If `x in R ,` the numbers `2^(1+x)+2^(1-x), b//2,36^x+36^(-x)` form an A.P., then `b` may lie in the interval `[12 ,oo)` b. `[6,oo)` c. `(-oo,6]` d. `[6, 12]`

To solve the problem, we need to determine the value of \( b \) such that the numbers \( 2^{1+x} + 2^{1-x} \), \( \frac{b}{2} \), and \( 36^x + 36^{-x} \) form an arithmetic progression (A.P.). ### Step-by-step Solution: 1. **Identify the terms of the A.P.**: Let: - \( a = 2^{1+x} + 2^{1-x} \) - \( b = \frac{b}{2} \) - \( c = 36^x + 36^{-x} \) 2. **Use the property of A.P.**: For three numbers to be in A.P., the condition is: \[ 2b = a + c \] Substituting the values of \( a \) and \( c \): \[ 2 \cdot \frac{b}{2} = (2^{1+x} + 2^{1-x}) + (36^x + 36^{-x}) \] Simplifying this gives: \[ b = 2^{1+x} + 2^{1-x} + 36^x + 36^{-x} \] 3. **Simplify \( a \)**: We can rewrite \( a \): \[ a = 2^{1+x} + 2^{1-x} = 2 \cdot (2^x + 2^{-x}) = 2 \cdot 2 \cosh(x \ln 2) = 4 \cosh(x \ln 2) \] 4. **Simplify \( c \)**: Similarly, for \( c \): \[ c = 36^x + 36^{-x} = 2 \cdot (6^x + 6^{-x}) = 2 \cdot 2 \cosh(x \ln 6) = 4 \cosh(x \ln 6) \] 5. **Combine the results**: Now substituting back, we have: \[ b = 4 \cosh(x \ln 2) + 4 \cosh(x \ln 6) \] \[ b = 4 (\cosh(x \ln 2) + \cosh(x \ln 6)) \] 6. **Determine the minimum value of \( b \)**: The minimum value of \( \cosh(t) \) is 1, which occurs when \( t = 0 \).

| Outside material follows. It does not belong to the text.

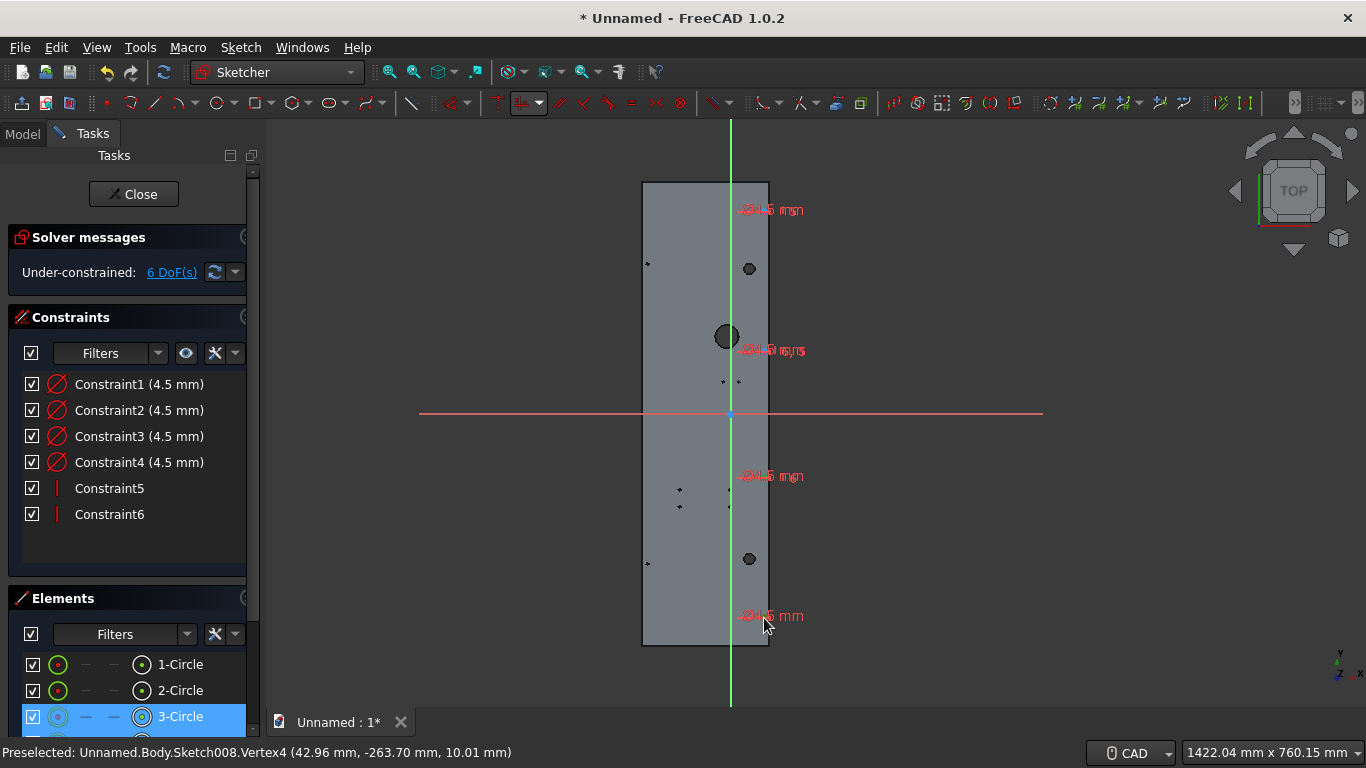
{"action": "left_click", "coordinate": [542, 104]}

Therefore: \[ \cosh(x \ln 2) \geq 1 \quad \text{and} \quad \cosh(x \ln 6) \geq 1 \] Thus: \[ b \geq 4(1 + 1) = 8 \] 7. **Conclusion**: Therefore, \( b \) must be at least 8. Hence, the possible intervals for \( b \) are: \[ b \in [8, \infty) \] ### Final Answer: The correct option is that \( b \) may lie in the interval \([6, \infty)\) because \( [8, \infty) \) is a subset of \([6, \infty)\).